I have just returned from my travels through Hong Kong, Singapore and Malaysia. It was my first time to Asia since I went to Thailand almost 10 years ago. I went for work and flew business class. I must say, business class is the only way to fly when going that distance. It's a 15 hour flight, but I was situated in my own little cocoon that turns into a bed with a tv that plays music, over 50 movies and tv shows, and food and wine to die for. I slept for about 5 hours at a time, drank Grand Cru Bordeaux and watched Batman Begins, Back to the Future and Raising Arizona. Funny, I don't remember it ever making me sad in the past, but I cried when Nicholas Cage and Holly Hunter return Nathan Jr to his crib at the end. God, the Coen Brothers are great.

I had only one day to myself and that was in Hong Kong.

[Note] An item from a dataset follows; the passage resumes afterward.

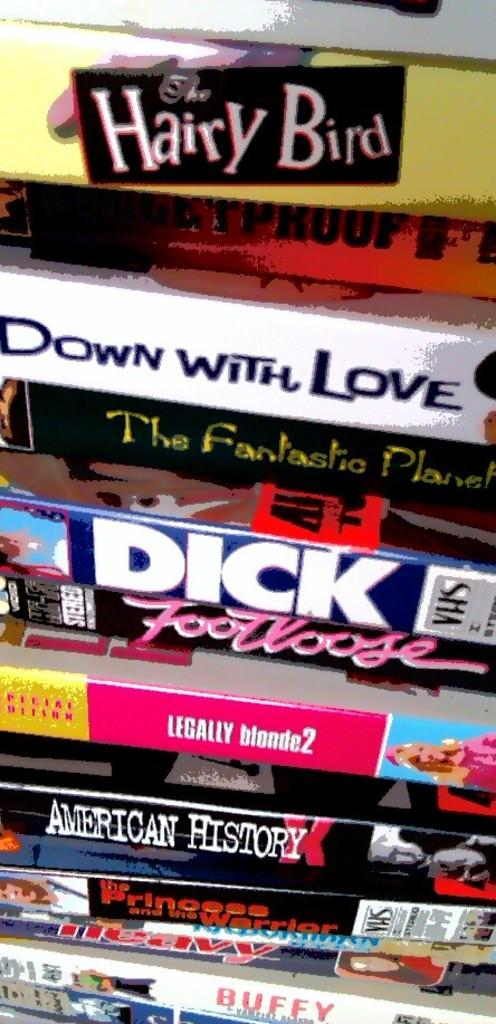<image>
Present a compact description of the photo's key features. A collection of DVD's with one of them being Footloose.

Most of the day was spent looking at shops (not for fun, it's work related), but I did get to experience a lot of the local color surrounding me. I woke up with only a little over 4 hours of sleep (I don't seem to sleep much these days), and ate from a large breakfast buffet in the cathedral-ceilinged dining room of my hotel. Natural light from an overcast morning softly washed over me as I ate an omelette and fruit to the sounds of Brian Eno's Apollo soundtrack playing from the speakers above. Pretty much everyone around me is here on business as well. Lots of suits and power breakfasts. I hop in a cab and take it to the pier where I hop on a ferry across the harbour to Kowloon. The ferry was a lot like New York's Staten Island Ferry, but not as long (and super cheap-about 25 cents). I'm fortunate that almost everyone in Hong Kong speaks english. In fact, my entire trip language was not an issue. Lots of english speaking peoples in that part of the world.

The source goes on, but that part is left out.